DATA UNDER STUDY ::
---+---

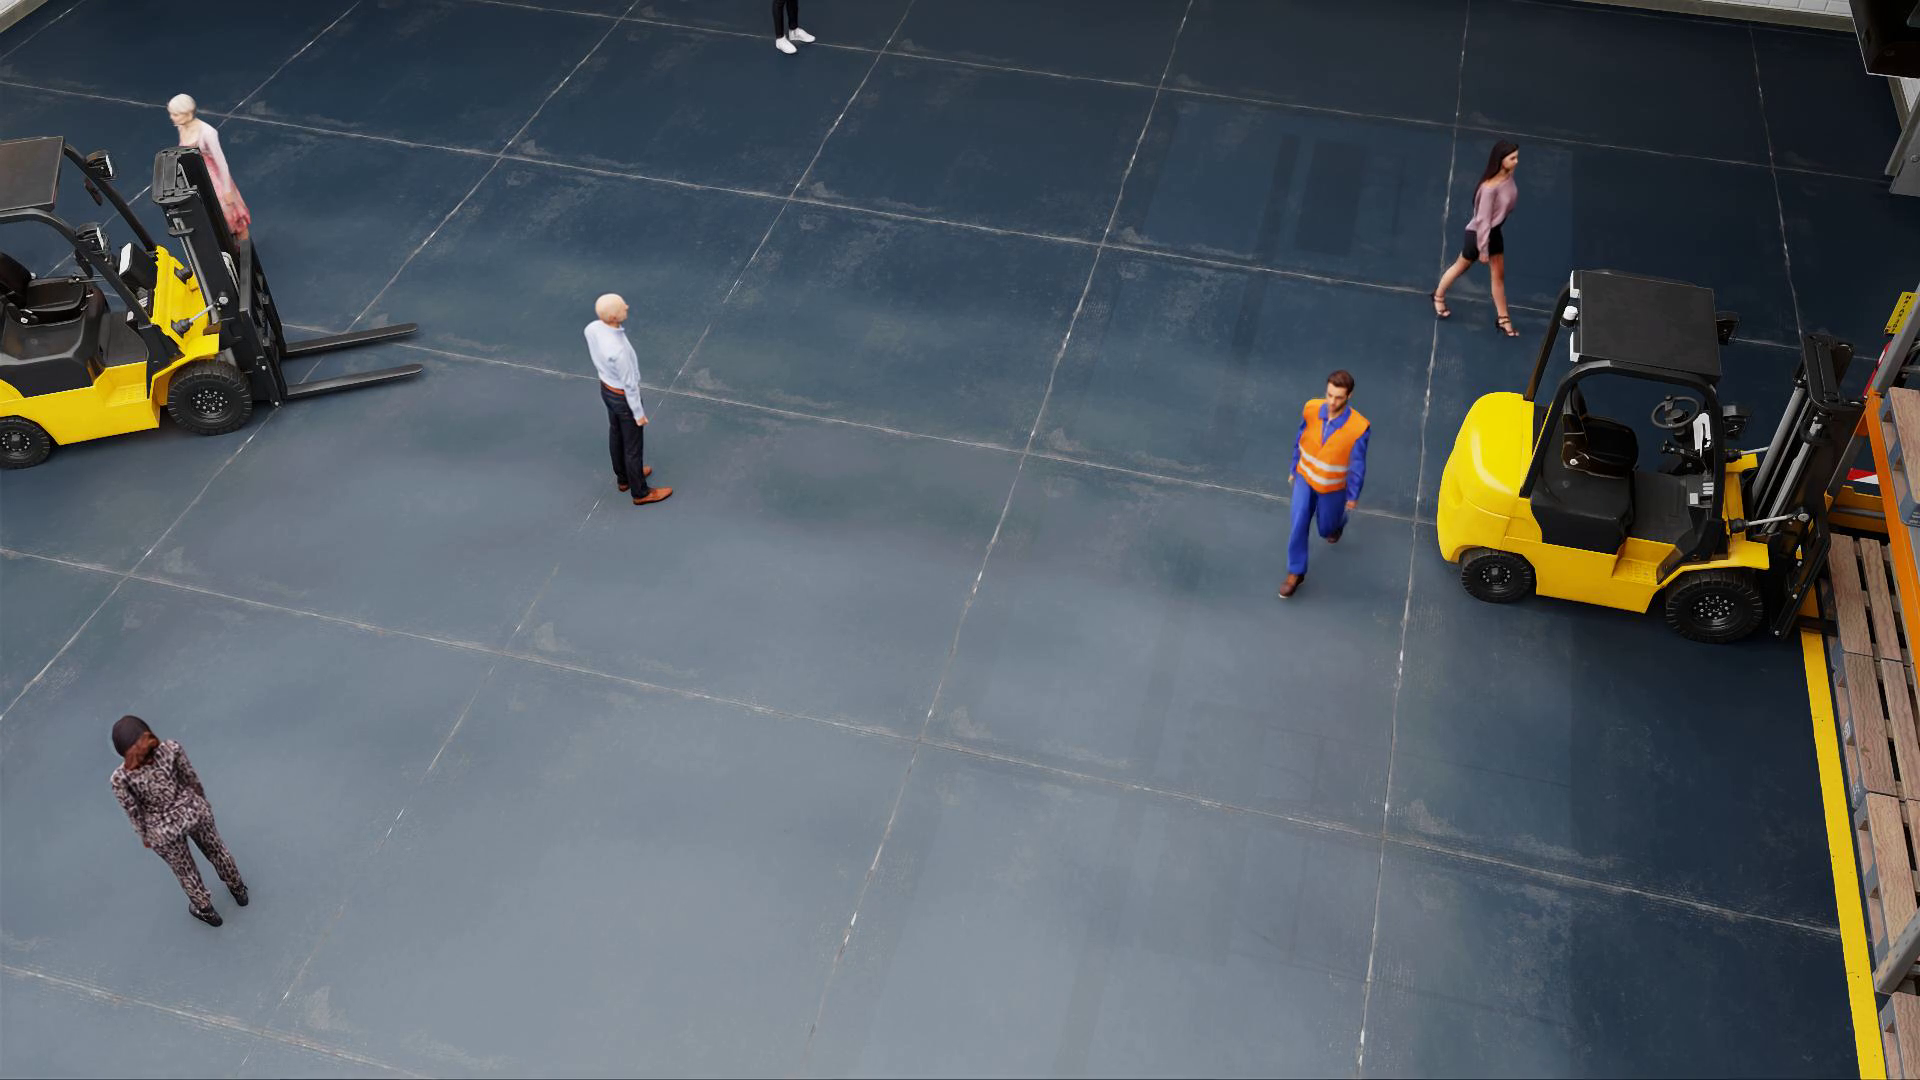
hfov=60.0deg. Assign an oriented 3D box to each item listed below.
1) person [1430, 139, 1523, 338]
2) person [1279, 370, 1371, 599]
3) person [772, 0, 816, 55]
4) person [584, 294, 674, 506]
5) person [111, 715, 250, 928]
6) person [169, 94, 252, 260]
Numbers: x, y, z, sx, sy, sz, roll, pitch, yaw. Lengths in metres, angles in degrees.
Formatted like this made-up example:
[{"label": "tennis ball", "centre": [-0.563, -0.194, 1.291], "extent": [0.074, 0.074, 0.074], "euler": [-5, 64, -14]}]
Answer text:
[{"label": "person", "centre": [4.184, -2.495, 13.626], "extent": [1.024, 1.766, 1.118], "euler": [32, 52, 29]}, {"label": "person", "centre": [2.526, -0.448, 11.417], "extent": [0.884, 1.850, 1.128], "euler": [24, 48, 23]}, {"label": "person", "centre": [-1.797, -6.047, 17.237], "extent": [0.808, 1.929, 0.646], "euler": [25, 49, 24]}, {"label": "person", "centre": [-2.447, -1.032, 12.073], "extent": [0.764, 1.790, 0.736], "euler": [-28, 50, -26]}, {"label": "person", "centre": [-4.421, 1.583, 9.384], "extent": [0.727, 1.714, 0.633], "euler": [31, 52, 28]}, {"label": "person", "centre": [-6.416, -3.078, 14.288], "extent": [0.642, 1.696, 0.636], "euler": [20, 47, 20]}]

---+---

YOUR ASSIGNMENT :: Leave out the pictures and set down everything else in the entries above exactly.

WRITTEN SOLUTION ::
hfov=60.0deg. Assign an oriented 3D box to each item listed below.
1) person [1430, 139, 1523, 338]
2) person [1279, 370, 1371, 599]
3) person [772, 0, 816, 55]
4) person [584, 294, 674, 506]
5) person [111, 715, 250, 928]
6) person [169, 94, 252, 260]
Numbers: x, y, z, sx, sy, sz, roll, pitch, yaw. Lengths in metres, angles in degrees.
Formatted like this made-up example:
[{"label": "tennis ball", "centre": [-0.563, -0.194, 1.291], "extent": [0.074, 0.074, 0.074], "euler": [-5, 64, -14]}]
Answer text:
[{"label": "person", "centre": [4.184, -2.495, 13.626], "extent": [1.024, 1.766, 1.118], "euler": [32, 52, 29]}, {"label": "person", "centre": [2.526, -0.448, 11.417], "extent": [0.884, 1.850, 1.128], "euler": [24, 48, 23]}, {"label": "person", "centre": [-1.797, -6.047, 17.237], "extent": [0.808, 1.929, 0.646], "euler": [25, 49, 24]}, {"label": "person", "centre": [-2.447, -1.032, 12.073], "extent": [0.764, 1.790, 0.736], "euler": [-28, 50, -26]}, {"label": "person", "centre": [-4.421, 1.583, 9.384], "extent": [0.727, 1.714, 0.633], "euler": [31, 52, 28]}, {"label": "person", "centre": [-6.416, -3.078, 14.288], "extent": [0.642, 1.696, 0.636], "euler": [20, 47, 20]}]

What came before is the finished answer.